Потому что как раз в 1821–1822 годах русские заговорщики, которым царь приписал соучастие во внешней революции, переживали самый серьезный кризис внутреннего единства. До сих пор они были сплочены как бы «от противного»; их патриотическое вольнолюбие не находило применения; большинство из них сбивались в оппозицию, как в некий резервный полк, как в своеобразное «военное поселение» делателей свободы – откуда власть в любую минуту может рекрутировать солдат обновления. Да, после Варшавской речи и константинопольского самоустранения царю было бы нелегко перетянуть их на свою сторону; да, чем яснее становилось, что «резервистов» вряд ли призовут в «великую Армию либерального порядка», тем чаще заговаривали они о необходимости кровопролития. Но достаточно было серьезного монаршего усилия, чтобы разговоры эти стихли, ибо невыговоренное желание перейти из тени в свет, пригодиться там, где родились, в душах большинства «артельщиков» не угасало. По своим жизненным установкам они были не революционерами, а несостоявшимися «державниками». И какими бы тактическими соображениями (необходимость избавиться от ненадежных членов, усилить конспирацию и проч.) ни диктовались решения Московского съезда Союза благоденствия 1821 года, – за ними, в них, сквозь них просвечивала последняя надежда удержаться по сю сторону роковой черты, не отрезая путь к спасительному отступлению.
Не случайно на съезд, объявивший о формальном роспуске прежней тайной организации и создавший новую, еще более тайную, не был допущен руководитель Тульчинской управы Павел Пестель, с которым Николай Тургенев много и жестоко будет спорить по вопросу о крестьянской воле. Московские руководители (Никита Муравьев – прежде всего) могли склоняться к революции – на словах. На деле их программы, по крайней мере до конца 1824 года, куда больше нуждались в непрерывной эволюции существующего порядка. Недаром так точны и детальны были их планы реформ, особенно экономической и управленческой, и так туманны проекты политические. Набросок монархической конституции Никиты Муравьева будет столь же силен в вопросах, принципиально разрешимых по манию царя и в пределах нынешнего мироустройства, – сколь и слаб во всем, что касается либеральной будущности. Тут Муравьев ограничится риторическими восклицаниями, возвышенными образами русской политической истории (Народное вече, Верховная дума); он даже не решится переименовать конституционную монархию в президентскую республику (хотя все, написанное им о «правах и обязанностях» царя, приложимо только к президенту). Пестель решался на все.

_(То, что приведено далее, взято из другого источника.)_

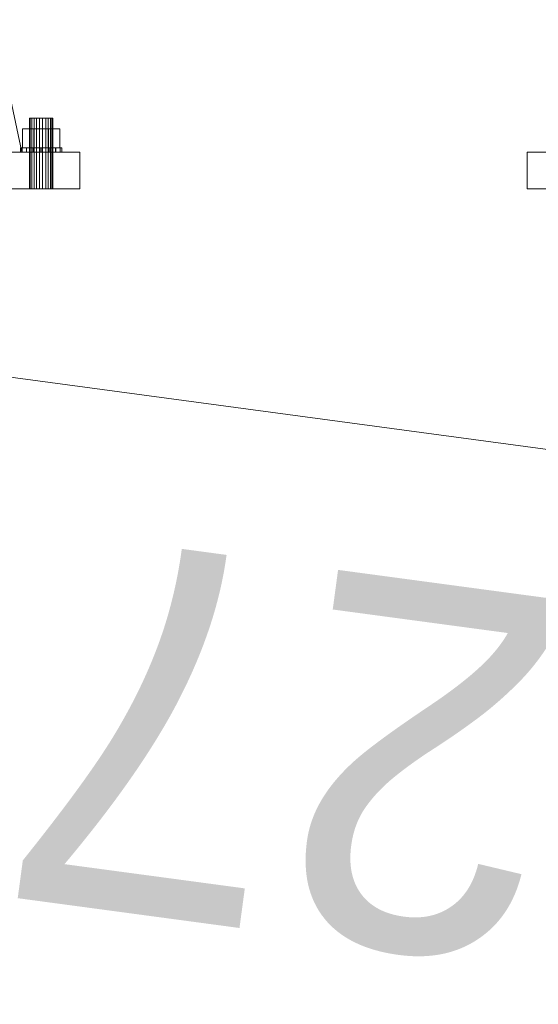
# Model space of a CAD drawing. Header units: millimetres. Extents: x -4738 to 65662, y -68080 to 6847.
# Tile 54 of 256: x -2681 to -2329, y -36554 to -35885. Entities that reach past the tile are written whole.
import ezdxf

# ---------------------------------------------------------------- set-up
doc = ezdxf.new("R2010")
doc.units = ezdxf.units.MM
doc.layers.add('COTAS_P', color=1, linetype='Continuous', lineweight=0)
doc.layers.add('frontal_C10', color=7, linetype='Continuous', lineweight=0)
doc.dimstyles.new('R19_100', dxfattribs={"dimtxt": 250, "dimasz": 150, "dimexe": 150, "dimexo": 80, "dimgap": 100, "dimtad": 1, "dimtih": 1, "dimtoh": 1, "dimdsep": 46, "dimcen": 0.09, "dimadec": 0, "dimazin": 0, "dimtfac": 1, "dimtdec": 4, "dimtofl": 0, "dimtmove": 0, "dimatfit": 3, "dimfxl": 1, "dimtolj": 1, "dimtzin": 0, "dimarcsym": 0})

# ---------------------------------------------------------------- blocks, each defined once
blk = doc.blocks.new('DIM_R31_46')
at = {"layer": 'COTAS_P'}
for p, q in [((-4100, -35030), (-4219.91, -35921.98)), ((140, -35600), (20.09, -36491.98)), ((-4219.91, -35921.98), (-4065.25, -35897.36)), ((20.09, -36491.98), (-4219.91, -35921.98)), ((-4219.91, -35921.98), (-4077.24, -35986.56)), ((20.09, -36491.98), (-122.58, -36427.39)), ((20.09, -36491.98), (-134.57, -36516.59))]:
    blk.add_line(p, q, dxfattribs=at)
blk.add_text('4278.14 P', height=250, rotation=172.34341, dxfattribs=at).set_placement((-2113.24, -36306.08))

msp = doc.modelspace()

# ---------------------------------------------------------------- linework, layer by layer
at = {"layer": 'frontal_C10'}
for p, q in [((-2679.937, -35975), (-2784.943, -35480.889)), ((-2674.189, -35952), (-2674.765, -35952)), ((-2674.765, -35952), (-2673.214, -35952)), ((-2674.765, -36000), (-2674.765, -35952)), ((-2671.639, -35952), (-2674.189, -35952)), ((-2674.189, -36000), (-2674.189, -35952)), ((-2673.214, -35952), (-2669.951, -35952)), ((-2673.214, -36000), (-2673.214, -35952)), ((-2667.8, -35952), (-2671.639, -35952)), ((-2671.639, -36000), (-2671.639, -35952)), ((-2669.951, -35952), (-2665.85, -35952)), ((-2669.951, -36000), (-2669.951, -35952)), ((-2663.699, -35952), (-2667.8, -35952)), ((-2667.8, -36000), (-2667.8, -35952)), ((-2665.85, -35952), (-2662.01, -35952)), ((-2665.85, -36000), (-2665.85, -35952)), ((-2660.436, -35952), (-2663.699, -35952)), ((-2663.699, -35952), (-2663.699, -36000)), ((-2662.01, -35952), (-2659.461, -35952)), ((-2662.01, -36000), (-2662.01, -35952)), ((-2658.884, -35952), (-2660.436, -35952)), ((-2660.436, -36000), (-2660.436, -35952)), ((-2659.461, -35952), (-2658.884, -35952)), ((-2659.461, -36000), (-2659.461, -35952)), ((-2658.884, -36000), (-2658.884, -35952)), ((-2674.528, -35959.2), (-2679.529, -35959.2)), ((-2679.529, -35959.2), (-2671.826, -35959.2)), ((-2679.529, -35972), (-2679.529, -35959.2)), ((-2661.823, -35959.2), (-2674.528, -35959.2)), ((-2674.528, -35972), (-2674.528, -35959.2)), ((-2671.826, -35959.2), (-2659.122, -35959.2)), ((-2671.826, -35972), (-2671.826, -35959.2)), ((-2654.12, -35959.2), (-2661.823, -35959.2)), ((-2661.823, -35959.2), (-2661.823, -35972)), ((-2659.122, -35959.2), (-2654.12, -35959.2)), ((-2659.122, -35972), (-2659.122, -35959.2)), ((-2654.12, -35972), (-2654.12, -35959.2)), ((-2679.712, -35972), (-2680.824, -35972)), ((-2680.824, -35972), (-2679.805, -35972)), ((-2680.824, -35975), (-2680.824, -35972)), ((-2679.805, -35972), (-2676.811, -35972)), ((-2679.805, -35975), (-2679.805, -35972)), ((-2676.637, -35972), (-2679.712, -35972)), ((-2679.712, -35975), (-2679.712, -35972)), ((-2671.826, -35972), (-2679.529, -35972)), ((-2679.529, -35972), (-2674.528, -35972)), ((-2676.811, -35972), (-2672.295, -35972)), ((-2676.811, -35975), (-2676.811, -35972)), ((-2672.069, -35972), (-2676.637, -35972)), ((-2676.637, -35975), (-2676.637, -35972)), ((-2674.528, -35972), (-2661.823, -35972)), ((-2672.295, -35972), (-2666.947, -35972)), ((-2672.295, -35975), (-2672.295, -35972)), ((-2666.702, -35972), (-2672.069, -35972)), ((-2672.069, -35975), (-2672.069, -35972)), ((-2659.122, -35972), (-2671.826, -35972)), ((-2666.947, -35972), (-2661.581, -35972)), ((-2666.947, -35975), (-2666.947, -35972)), ((-2661.354, -35972), (-2666.702, -35972)), ((-2666.702, -35975), (-2666.702, -35972)), ((-2661.823, -35972), (-2654.12, -35972)), ((-2661.581, -35972), (-2657.012, -35972)), ((-2661.581, -35975), (-2661.581, -35972)), ((-2656.839, -35972), (-2661.354, -35972)), ((-2661.354, -35972), (-2661.354, -35975)), ((-2654.12, -35972), (-2659.122, -35972)), ((-2657.012, -35972), (-2653.938, -35972)), ((-2657.012, -35975), (-2657.012, -35972)), ((-2653.844, -35972), (-2656.839, -35972)), ((-2656.839, -35975), (-2656.839, -35972)), ((-2653.938, -35972), (-2652.825, -35972)), ((-2653.938, -35975), (-2653.938, -35972)), ((-2652.825, -35972), (-2653.844, -35972)), ((-2653.844, -35975), (-2653.844, -35972)), ((-2652.825, -35975), (-2652.825, -35972)), ((-2640.6, -35975), (-2751.06, -35975)), ((-2735.167, -35975), (-2679.937, -35975)), ((-2687.49, -35975), (-2640.6, -35975)), ((-2679.937, -35975), (-2681.891, -35975)), ((-2679.805, -35975), (-2680.824, -35975)), ((-2680.824, -35975), (-2679.712, -35975)), ((-2676.811, -35975), (-2679.805, -35975)), ((-2679.712, -35975), (-2676.637, -35975)), ((-2672.295, -35975), (-2676.811, -35975)), ((-2676.637, -35975), (-2672.069, -35975)), ((-2666.947, -35975), (-2672.295, -35975)), ((-2672.069, -35975), (-2666.702, -35975)), ((-2661.581, -35975), (-2666.947, -35975)), ((-2666.702, -35975), (-2661.354, -35975)), ((-2657.012, -35975), (-2661.581, -35975)), ((-2661.354, -35975), (-2656.839, -35975)), ((-2653.938, -35975), (-2657.012, -35975)), ((-2656.839, -35975), (-2653.844, -35975)), ((-2652.825, -35975), (-2653.938, -35975)), ((-2653.844, -35975), (-2652.825, -35975)), ((-2640.6, -36000), (-2640.6, -35975)), ((-2289.786, -35975), (-2336.676, -35975)), ((-2336.676, -35975), (-2226.216, -35975)), ((-2336.676, -36000), (-2336.676, -35975)), ((-2751.06, -36000), (-2640.6, -36000)), ((-2640.6, -36000), (-2687.49, -36000)), ((-2673.214, -36000), (-2674.765, -36000)), ((-2674.765, -36000), (-2674.189, -36000)), ((-2674.189, -36000), (-2671.639, -36000)), ((-2669.951, -36000), (-2673.214, -36000)), ((-2671.639, -36000), (-2667.8, -36000)), ((-2665.85, -36000), (-2669.951, -36000)), ((-2667.8, -36000), (-2663.699, -36000)), ((-2662.01, -36000), (-2665.85, -36000)), ((-2663.699, -36000), (-2660.436, -36000)), ((-2659.461, -36000), (-2662.01, -36000)), ((-2660.436, -36000), (-2658.884, -36000)), ((-2658.884, -36000), (-2659.461, -36000)), ((-2226.216, -36000), (-2336.676, -36000)), ((-2336.676, -36000), (-2289.786, -36000))]:
    msp.add_line(p, q, dxfattribs=at)

# ---------------------------------------------------------------- dimensions: what is measured, and where the dimension line sits
at = {"layer": 'COTAS_P'}
dim = msp.add_aligned_dim(p1=(140, -35600), p2=(-4100, -35030), distance=900, text='<> P', dimstyle='R19_100', dxfattribs=at)
dim.commit()
dim.dimension.update_dxf_attribs({"geometry": 'DIM_R31_46', "text_midpoint": (-2099.912, -36206.976)})

doc.saveas('drawing.dxf')

Он был не столько радикальнее, сколько рациональнее своих товарищей по несчастью. И потому не благодушествовал: действовать так действовать; замышлять переворот – так отдавая себе отчет во всем. И в том, что напрасно упование на «легализацию» заговора, на потенциальный союз с государем; и в том, что за пересоздание русской истории придется платить самую страшную цену; и в том, что власть, однажды взяв, необходимо будет удержать, – стало быть, муравьевским прекраснодушием
Пестелев план переделки России оформится позже. Но и в 1821-м москвичам было ясно, чего от Пестеля ожидать. Оттирая Павла Ивановича от руководства организацией, они подсознательно защищали свои иллюзии, не менее тайные, чем сами общества, от его последовательности, помноженной на сердечный холод и умственную страсть.
А в то самое время, когда русский царь искал пружину всеевропейского заговора, ограничиваясь в России слежкой (в 20-м создана военная полиция при штабе Гвардейского корпуса), удалением опасных офицеров (Ермолова – проконсулом Кавказа), задержкой званий, в самом крайнем случае – арестом, при его собственном дворе вызревал заговор, построенный на идее заговора.